00:07 - It's Smashing. In this episode of the Smashing Podcast, we're talking about RedwoodJS.
00:25 - What exactly does it mean to be a fullstack, Jamstack framework? We talked to community champion Anthony Campolo to find out.
00:32 - But first, did you know that Smashing Magazine publishes a brand new article to the website five days a week? That's a lot to keep up with, but we're here to help.

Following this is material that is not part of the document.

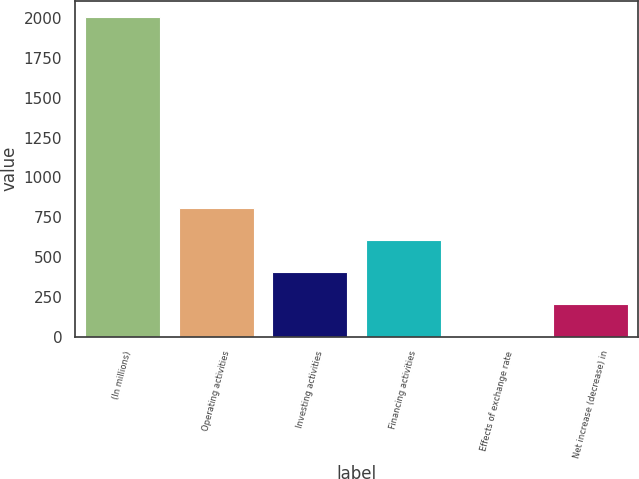Convert chart to OTSL. <chart><loc_0><loc_0><loc_500><loc_500><bar_chart><fcel>(In millions)<fcel>Operating activities<fcel>Investing activities<fcel>Financing activities<fcel>Effects of exchange rate<fcel>Net increase (decrease) in<nl><fcel>2010<fcel>805.8<fcel>404.4<fcel>605.1<fcel>3<fcel>203.7<nl></chart> 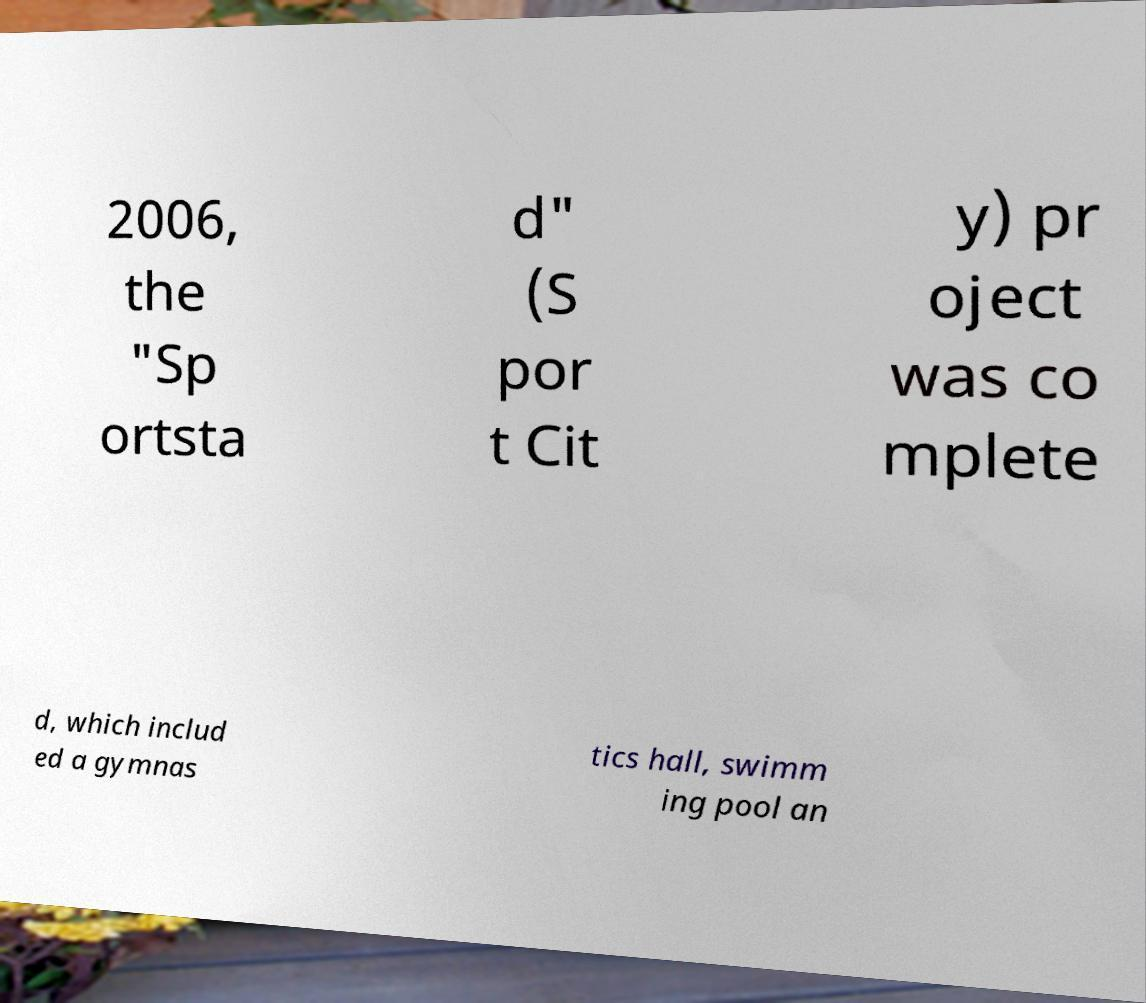What messages or text are displayed in this image? I need them in a readable, typed format. 2006, the "Sp ortsta d" (S por t Cit y) pr oject was co mplete d, which includ ed a gymnas tics hall, swimm ing pool an

I want to do this with a Node.js script that reads a file called edit.md, leaves it unmodified, and outputs the modified transcript to a new file called edited.md. The script will need to read the transcript lines, merge every other line as specified, and then write the modified transcript to a new file. Here’s how to create a Node.js script to perform this task:

scripts/halfTranscript.js
const fs = require('fs')
const path = require('path')
const originalFilePath = path.join(__dirname, 'edit.md')
const newFilePath = path.join(__dirname, 'edited.md')
fs.readFile(originalFilePath, 'utf8', (err, data) => {
if (err) {
console.error('Error reading file:', err)
return
}
// Split the data into lines
const lines = data.split('\n')
let modifiedLines = []
// Iterate through the lines, merging every two lines
for (let i = 0; i < lines.length; i += 2) {
// If there's a line to merge with
if (i + 1 < lines.length) {
// Extract the full timestamp from the current line
const currentTimestamp = lines[i].match(/^\d+:\d+:\d+/)[0]
const currentText = lines[i].substring(currentTimestamp.length + 3)
const nextText = lines[i + 1].substring(lines[i + 1].indexOf('-') + 2)
const textToMerge = `${currentText} ${nextText}`
modifiedLines.push(`${currentTimestamp} - ${textToMerge}`)
} else {
// If it's the last line and there's no line to merge with, just add it as is
modifiedLines.push(lines[i])
}
}
// Join the modified lines back into a single string
const modifiedData = modifiedLines.join('\n')
// Write the modified data to the new file
fs.writeFile(newFilePath, modifiedData, 'utf8', (err) => {
if (err) {
console.error('Error writing to file:', err)
return
}
console.log('File has been modified and saved as', newFilePath)
})
})

This script reads the original markdown file, processes the transcript according to your specifications by merging every other line (while preserving the timestamp of the first line in each pair), and then writes the modified transcript to a new file called edited.md.